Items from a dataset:
<<<<

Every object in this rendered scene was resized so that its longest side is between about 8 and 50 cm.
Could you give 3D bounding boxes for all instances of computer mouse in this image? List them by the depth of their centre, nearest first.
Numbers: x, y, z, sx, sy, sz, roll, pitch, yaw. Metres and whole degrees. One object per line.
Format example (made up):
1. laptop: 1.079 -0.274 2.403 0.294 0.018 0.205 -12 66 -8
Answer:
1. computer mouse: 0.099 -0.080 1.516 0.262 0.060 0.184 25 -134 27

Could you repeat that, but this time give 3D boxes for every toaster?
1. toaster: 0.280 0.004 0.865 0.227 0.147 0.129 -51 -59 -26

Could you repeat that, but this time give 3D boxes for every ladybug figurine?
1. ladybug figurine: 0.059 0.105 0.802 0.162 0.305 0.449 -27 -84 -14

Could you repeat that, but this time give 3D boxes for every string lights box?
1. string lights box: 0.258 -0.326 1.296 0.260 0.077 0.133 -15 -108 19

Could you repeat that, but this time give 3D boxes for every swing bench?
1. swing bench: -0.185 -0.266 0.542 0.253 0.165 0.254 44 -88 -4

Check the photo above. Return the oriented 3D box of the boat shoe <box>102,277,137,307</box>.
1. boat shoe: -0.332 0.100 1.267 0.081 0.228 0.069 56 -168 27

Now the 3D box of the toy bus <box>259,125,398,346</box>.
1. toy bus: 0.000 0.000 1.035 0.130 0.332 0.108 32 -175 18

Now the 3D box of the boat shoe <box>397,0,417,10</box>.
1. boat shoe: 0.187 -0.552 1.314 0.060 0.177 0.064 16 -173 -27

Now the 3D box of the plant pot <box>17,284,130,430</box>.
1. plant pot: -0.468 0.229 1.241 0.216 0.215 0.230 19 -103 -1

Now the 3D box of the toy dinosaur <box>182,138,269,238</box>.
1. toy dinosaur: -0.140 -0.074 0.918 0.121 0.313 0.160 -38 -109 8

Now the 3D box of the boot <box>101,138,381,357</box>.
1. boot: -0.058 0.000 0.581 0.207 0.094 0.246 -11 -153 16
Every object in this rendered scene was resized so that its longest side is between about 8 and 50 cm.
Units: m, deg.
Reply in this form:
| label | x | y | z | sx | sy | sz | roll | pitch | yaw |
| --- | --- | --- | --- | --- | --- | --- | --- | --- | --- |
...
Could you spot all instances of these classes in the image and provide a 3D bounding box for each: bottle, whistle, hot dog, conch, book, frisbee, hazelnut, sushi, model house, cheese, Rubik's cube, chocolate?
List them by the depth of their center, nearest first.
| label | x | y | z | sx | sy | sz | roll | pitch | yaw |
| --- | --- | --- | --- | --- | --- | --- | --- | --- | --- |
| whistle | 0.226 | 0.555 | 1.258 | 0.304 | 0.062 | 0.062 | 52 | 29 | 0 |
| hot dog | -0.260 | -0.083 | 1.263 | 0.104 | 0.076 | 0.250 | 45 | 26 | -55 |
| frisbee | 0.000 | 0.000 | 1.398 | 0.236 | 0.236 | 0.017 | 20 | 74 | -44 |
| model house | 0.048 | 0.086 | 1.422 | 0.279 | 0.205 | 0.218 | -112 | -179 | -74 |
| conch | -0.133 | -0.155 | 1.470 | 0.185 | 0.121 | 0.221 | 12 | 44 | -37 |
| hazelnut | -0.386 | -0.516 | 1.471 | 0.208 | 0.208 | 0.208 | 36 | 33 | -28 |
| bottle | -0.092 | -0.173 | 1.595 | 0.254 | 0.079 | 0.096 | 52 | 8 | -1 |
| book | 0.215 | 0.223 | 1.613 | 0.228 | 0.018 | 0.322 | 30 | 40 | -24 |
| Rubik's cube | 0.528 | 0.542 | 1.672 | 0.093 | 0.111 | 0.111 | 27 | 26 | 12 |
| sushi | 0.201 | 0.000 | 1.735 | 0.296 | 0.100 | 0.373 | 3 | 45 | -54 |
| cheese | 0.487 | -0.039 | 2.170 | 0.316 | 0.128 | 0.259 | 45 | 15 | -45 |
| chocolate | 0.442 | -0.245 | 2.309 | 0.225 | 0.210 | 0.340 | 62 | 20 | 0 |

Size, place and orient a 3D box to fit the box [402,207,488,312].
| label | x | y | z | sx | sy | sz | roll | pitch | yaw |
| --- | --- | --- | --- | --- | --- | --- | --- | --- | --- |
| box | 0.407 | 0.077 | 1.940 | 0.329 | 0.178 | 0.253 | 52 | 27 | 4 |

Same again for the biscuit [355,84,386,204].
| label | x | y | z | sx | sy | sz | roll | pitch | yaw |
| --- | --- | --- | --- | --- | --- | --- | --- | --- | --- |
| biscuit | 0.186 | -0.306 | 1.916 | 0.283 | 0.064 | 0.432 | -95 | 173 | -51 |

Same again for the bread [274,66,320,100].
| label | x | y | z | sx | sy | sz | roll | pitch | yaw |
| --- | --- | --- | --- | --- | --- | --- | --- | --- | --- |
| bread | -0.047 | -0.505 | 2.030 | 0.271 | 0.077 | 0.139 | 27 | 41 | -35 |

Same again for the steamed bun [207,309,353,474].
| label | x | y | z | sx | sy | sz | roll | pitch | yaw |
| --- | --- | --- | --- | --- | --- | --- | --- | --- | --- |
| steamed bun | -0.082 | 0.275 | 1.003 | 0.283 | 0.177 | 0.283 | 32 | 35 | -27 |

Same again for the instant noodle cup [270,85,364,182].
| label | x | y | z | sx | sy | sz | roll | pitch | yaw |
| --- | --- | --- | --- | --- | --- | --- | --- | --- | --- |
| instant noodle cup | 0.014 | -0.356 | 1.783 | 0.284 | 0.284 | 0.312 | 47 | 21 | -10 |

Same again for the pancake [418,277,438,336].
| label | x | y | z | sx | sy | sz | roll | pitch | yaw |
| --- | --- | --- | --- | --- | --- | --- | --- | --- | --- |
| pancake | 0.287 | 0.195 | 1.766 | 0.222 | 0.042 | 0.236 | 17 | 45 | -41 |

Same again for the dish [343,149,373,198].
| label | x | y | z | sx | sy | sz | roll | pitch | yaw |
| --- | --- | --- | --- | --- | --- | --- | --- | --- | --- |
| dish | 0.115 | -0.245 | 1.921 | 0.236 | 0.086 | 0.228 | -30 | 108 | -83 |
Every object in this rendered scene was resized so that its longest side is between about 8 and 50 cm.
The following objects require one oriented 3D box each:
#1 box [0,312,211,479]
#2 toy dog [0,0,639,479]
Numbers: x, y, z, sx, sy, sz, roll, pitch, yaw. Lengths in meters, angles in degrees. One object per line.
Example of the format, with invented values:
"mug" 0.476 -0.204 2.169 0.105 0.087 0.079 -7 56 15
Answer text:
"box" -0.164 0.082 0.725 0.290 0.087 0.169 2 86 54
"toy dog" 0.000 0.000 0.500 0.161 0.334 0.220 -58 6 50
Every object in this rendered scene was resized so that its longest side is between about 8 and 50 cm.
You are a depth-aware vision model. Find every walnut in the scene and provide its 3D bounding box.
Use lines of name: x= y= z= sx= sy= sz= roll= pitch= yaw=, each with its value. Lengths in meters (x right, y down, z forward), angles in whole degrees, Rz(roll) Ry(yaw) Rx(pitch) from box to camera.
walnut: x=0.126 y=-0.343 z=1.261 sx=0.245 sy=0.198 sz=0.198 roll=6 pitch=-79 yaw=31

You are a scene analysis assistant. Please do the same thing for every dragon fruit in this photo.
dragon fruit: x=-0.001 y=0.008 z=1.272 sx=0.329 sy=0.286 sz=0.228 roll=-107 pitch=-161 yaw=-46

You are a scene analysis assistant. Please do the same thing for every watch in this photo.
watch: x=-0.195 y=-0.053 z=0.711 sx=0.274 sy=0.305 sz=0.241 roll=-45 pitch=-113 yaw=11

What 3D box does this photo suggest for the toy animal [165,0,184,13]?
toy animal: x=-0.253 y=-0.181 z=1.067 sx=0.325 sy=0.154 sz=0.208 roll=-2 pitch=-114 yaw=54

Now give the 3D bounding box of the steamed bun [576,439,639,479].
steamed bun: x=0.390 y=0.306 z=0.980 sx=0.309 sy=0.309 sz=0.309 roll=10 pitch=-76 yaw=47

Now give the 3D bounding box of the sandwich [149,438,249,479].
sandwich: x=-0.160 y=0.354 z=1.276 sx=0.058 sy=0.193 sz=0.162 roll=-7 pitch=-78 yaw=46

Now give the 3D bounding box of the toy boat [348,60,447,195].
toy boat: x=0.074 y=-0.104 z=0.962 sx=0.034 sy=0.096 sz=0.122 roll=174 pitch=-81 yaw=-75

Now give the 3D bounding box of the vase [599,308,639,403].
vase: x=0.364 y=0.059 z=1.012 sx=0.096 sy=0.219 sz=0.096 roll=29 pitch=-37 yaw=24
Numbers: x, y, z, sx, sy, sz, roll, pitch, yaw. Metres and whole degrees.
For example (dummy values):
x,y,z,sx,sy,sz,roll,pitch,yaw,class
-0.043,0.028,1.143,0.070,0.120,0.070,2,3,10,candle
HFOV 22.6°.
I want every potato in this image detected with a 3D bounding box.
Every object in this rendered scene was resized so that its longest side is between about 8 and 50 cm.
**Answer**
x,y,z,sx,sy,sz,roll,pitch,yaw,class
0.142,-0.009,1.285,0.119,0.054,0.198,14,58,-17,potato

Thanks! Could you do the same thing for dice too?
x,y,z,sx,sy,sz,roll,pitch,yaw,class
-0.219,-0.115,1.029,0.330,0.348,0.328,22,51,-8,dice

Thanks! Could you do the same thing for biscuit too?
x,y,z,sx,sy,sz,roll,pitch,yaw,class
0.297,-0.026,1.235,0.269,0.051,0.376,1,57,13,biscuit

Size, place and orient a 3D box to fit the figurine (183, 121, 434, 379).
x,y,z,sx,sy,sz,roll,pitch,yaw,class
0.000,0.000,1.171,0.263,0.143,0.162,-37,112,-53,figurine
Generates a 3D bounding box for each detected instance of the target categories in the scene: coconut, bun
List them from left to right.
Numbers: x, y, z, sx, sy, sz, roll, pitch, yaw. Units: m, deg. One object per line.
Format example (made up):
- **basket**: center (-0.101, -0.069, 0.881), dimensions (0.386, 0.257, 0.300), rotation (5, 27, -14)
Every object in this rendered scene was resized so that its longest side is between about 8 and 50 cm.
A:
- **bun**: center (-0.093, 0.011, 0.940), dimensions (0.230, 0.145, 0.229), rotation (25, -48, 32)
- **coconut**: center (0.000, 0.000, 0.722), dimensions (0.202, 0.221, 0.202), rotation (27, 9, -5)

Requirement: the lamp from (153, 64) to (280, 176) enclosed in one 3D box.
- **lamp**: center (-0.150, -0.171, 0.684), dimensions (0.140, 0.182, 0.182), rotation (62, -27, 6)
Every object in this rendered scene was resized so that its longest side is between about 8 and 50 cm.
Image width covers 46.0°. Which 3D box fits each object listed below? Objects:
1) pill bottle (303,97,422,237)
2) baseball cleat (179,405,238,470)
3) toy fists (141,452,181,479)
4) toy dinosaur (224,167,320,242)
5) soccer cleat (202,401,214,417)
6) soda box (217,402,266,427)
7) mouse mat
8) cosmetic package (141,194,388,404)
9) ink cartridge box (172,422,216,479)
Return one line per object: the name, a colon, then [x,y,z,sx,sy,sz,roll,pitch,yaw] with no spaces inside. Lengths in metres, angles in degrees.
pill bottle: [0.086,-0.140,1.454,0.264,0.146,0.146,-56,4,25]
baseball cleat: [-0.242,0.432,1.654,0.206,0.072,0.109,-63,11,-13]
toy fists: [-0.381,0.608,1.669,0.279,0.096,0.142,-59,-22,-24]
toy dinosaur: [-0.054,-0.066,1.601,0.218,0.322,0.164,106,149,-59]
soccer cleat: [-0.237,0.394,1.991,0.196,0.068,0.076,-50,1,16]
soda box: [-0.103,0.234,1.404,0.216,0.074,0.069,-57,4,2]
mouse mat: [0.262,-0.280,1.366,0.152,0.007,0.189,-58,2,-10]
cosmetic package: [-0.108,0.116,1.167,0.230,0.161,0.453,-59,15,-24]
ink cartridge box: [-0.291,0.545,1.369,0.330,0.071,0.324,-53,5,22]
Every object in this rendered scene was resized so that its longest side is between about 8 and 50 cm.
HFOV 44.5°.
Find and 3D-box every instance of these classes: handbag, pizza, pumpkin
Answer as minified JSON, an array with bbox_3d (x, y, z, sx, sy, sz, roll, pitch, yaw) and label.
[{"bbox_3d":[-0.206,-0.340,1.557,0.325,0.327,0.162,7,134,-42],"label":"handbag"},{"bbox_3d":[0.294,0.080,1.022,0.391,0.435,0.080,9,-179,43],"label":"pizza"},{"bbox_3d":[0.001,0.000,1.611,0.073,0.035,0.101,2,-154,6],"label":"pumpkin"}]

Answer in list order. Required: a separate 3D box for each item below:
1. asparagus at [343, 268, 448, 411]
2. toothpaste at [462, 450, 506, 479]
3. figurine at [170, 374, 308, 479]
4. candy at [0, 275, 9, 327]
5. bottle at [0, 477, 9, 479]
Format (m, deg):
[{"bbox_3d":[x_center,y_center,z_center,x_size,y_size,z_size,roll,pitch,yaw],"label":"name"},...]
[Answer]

>>>>

### Aim of the exercise
Beginning with the line that has "HFOV 44.5°." and ending with the line that has "5. bottle at [0, 477, 9, 479]", set down the lines above exactly and include no others.

### Exercise result
HFOV 44.5°.
Find and 3D-box every instance of these classes: handbag, pizza, pumpkin
Answer as minified JSON, an array with bbox_3d (x, y, z, sx, sy, sz, roll, pitch, yaw) and label.
[{"bbox_3d":[-0.206,-0.340,1.557,0.325,0.327,0.162,7,134,-42],"label":"handbag"},{"bbox_3d":[0.294,0.080,1.022,0.391,0.435,0.080,9,-179,43],"label":"pizza"},{"bbox_3d":[0.001,0.000,1.611,0.073,0.035,0.101,2,-154,6],"label":"pumpkin"}]

Answer in list order. Required: a separate 3D box for each item below:
1. asparagus at [343, 268, 448, 411]
2. toothpaste at [462, 450, 506, 479]
3. figurine at [170, 374, 308, 479]
4. candy at [0, 275, 9, 327]
5. bottle at [0, 477, 9, 479]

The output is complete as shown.